I glanced up Hanway Street at Bradley’s Spanish Bar (or the Bar Formerly Known as Bradley’s as its Facebook page worryingly now refers to it), another of my haunts down the years. It was closed but apparently would be opening at 3pm. I’m glad it has survived – at one point mid-lockdown it seemed as if it wouldn’t, and its owners had to crowdfund the rent.

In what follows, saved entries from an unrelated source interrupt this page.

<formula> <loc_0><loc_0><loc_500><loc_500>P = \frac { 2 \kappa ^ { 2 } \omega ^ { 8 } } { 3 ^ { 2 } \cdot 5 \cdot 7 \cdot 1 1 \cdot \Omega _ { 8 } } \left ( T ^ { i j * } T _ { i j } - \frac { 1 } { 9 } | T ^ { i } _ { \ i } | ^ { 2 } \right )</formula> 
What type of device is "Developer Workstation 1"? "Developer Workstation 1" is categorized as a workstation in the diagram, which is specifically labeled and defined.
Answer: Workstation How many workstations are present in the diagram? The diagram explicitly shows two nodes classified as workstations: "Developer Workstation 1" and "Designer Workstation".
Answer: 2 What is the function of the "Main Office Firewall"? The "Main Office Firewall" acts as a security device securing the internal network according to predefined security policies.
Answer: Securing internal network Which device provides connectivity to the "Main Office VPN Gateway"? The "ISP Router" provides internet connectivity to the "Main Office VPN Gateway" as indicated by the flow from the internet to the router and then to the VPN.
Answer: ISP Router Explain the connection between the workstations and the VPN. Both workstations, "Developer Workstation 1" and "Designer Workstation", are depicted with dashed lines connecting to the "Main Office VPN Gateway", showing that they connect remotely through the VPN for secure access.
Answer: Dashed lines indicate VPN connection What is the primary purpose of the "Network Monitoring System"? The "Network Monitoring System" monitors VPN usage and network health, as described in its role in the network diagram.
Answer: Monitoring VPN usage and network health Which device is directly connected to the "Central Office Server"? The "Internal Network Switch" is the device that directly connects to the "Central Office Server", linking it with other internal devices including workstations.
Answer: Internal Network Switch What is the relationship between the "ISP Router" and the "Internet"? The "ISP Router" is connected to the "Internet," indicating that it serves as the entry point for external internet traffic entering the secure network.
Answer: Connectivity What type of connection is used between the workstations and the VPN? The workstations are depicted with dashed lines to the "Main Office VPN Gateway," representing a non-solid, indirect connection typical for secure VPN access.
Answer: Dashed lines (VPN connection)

I decided to walk round the back of Centre Point to the Angel, at the bottom of Denmark Street, another favourite pub of mine. As you can see from the picture at the top of this piece, the Angel has a splendid old fashioned interior with three divided bars, two lounges upstairs, proper fireplaces, Victorian-style swag curtains and a gorgeous ceiling. You will occasionally find me sitting at the bar in there eyeing through the window the grotesque bright orange, red and green of the Google building across the way, a contrast that perfectly illustrates the abomination of postmodernism. The Angel is not a summer pub but one built for those many inclement months in the English calendar. Years ago when I lived a shortish Tube journey away I used the pub far more regularly than I do now. I found it a perfect spot for studying racing form on winter lunchtimes before meeting friends for what we dubbed ‘select port-wine committee’ in Bradley’s up the road.

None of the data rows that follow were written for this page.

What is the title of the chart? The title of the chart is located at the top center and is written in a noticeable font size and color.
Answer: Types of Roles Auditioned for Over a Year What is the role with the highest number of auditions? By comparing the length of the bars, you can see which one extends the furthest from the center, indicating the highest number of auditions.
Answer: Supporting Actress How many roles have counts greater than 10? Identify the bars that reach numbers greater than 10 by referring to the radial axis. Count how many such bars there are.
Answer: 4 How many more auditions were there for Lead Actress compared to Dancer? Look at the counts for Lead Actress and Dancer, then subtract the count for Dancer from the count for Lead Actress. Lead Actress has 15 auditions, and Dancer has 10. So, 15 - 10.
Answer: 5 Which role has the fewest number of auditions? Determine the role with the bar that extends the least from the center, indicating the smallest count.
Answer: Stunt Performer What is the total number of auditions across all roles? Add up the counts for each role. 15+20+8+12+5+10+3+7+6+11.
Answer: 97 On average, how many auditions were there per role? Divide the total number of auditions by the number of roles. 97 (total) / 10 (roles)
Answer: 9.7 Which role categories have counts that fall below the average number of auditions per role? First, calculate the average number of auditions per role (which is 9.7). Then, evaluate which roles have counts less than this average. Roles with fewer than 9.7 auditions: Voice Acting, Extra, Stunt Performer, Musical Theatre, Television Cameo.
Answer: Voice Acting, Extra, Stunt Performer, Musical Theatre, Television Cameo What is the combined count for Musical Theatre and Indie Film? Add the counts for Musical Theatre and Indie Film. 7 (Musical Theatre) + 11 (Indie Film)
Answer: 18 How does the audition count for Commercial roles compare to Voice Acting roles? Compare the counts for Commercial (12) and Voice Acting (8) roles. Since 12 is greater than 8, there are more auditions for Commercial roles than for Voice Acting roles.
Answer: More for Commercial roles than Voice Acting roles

All that seemed several lifetimes ago when I walked into the empty pub. I was the only customer. A Spanish barman mournfully told me the same story that the guvnor of the Burglars had: office workers from over the street who usually packed the pub lunchtime and evening would not be back until the New Year. I drank a slow Pure-Brewed. An old Italian man, evidently from a nearby café, came in and started to commiserate with the barman. ‘Is no people, is no people,’ he said, his voice beginning to rise with desperation. ‘Is no people! I don’t take £200 all day; before I was taking £800, £900. Is no people!’
This was true. I left and walked up Denmark Street, in which virtually all of the shops on the north side were boarded up, no doubt awaiting demolition or ‘redevelopment’ as we call it in Britain.
A trickle of traffic crossed Cambridge Circus and you could get over Charing Cross Road without really having to look out. The bijou French wine bar Le Beaujolais at the top of Litchfield Street was open. I was tempted but thought it far too early for vino.
In Old Compton Street I had a fleeting feeling that was simultaneously analogous to both post-war and pre-war: something bad had happened; something perhaps worse was to come. I passed the open doorway of a closed café bar. It was blocked by tables and chairs. Inside I glimpsed a chaotic interior and heard voices arguing.
There were a few people about and some shops and bars open, but it was all extraordinarily quiet and the scandalous thought stirred again and this time formed: having so much elbow room was luxurious! London has been hellishly overcrowded for years. This new deserted West End was in fact bloody marvellous. As long as there were pubs to go to – aye, there’s the rub – it would be quite refreshing. I started to think I’d go out in central London on Friday nights once more, a habit I gave up years ago as an intolerable ball-ache. Come autumn, I said to myself, I’d start going to Le Beaujolais again after years – and getting a seat; tables would be suddenly easy to get at the Cork and Bottle in Cranbourne Street: if, of course, they survived the rumoured financial Armageddon to come.
In Piccadilly Circus you could count the people easily. Piccadilly Circus! In July!
I bought a bottle of San Miguel in the Haymarket Tesco and headed for St James’ Park. I’ve always been a park addict and they’ve become essential during the lockdown.
Visitors to the park were refreshingly sparse. I stopped in front of a favourite bed containing a tropical planting scheme, including splendid banana trees. London was eerily empty, its commercial life now having the same precarious look as the bed and rug I’d seen near Marble Arch earlier. And yet … here I was falling back in love with the place after significant estrangement. I raised my bottle of beer and said something that I never thought I would say: ‘Cheers, lockdown!’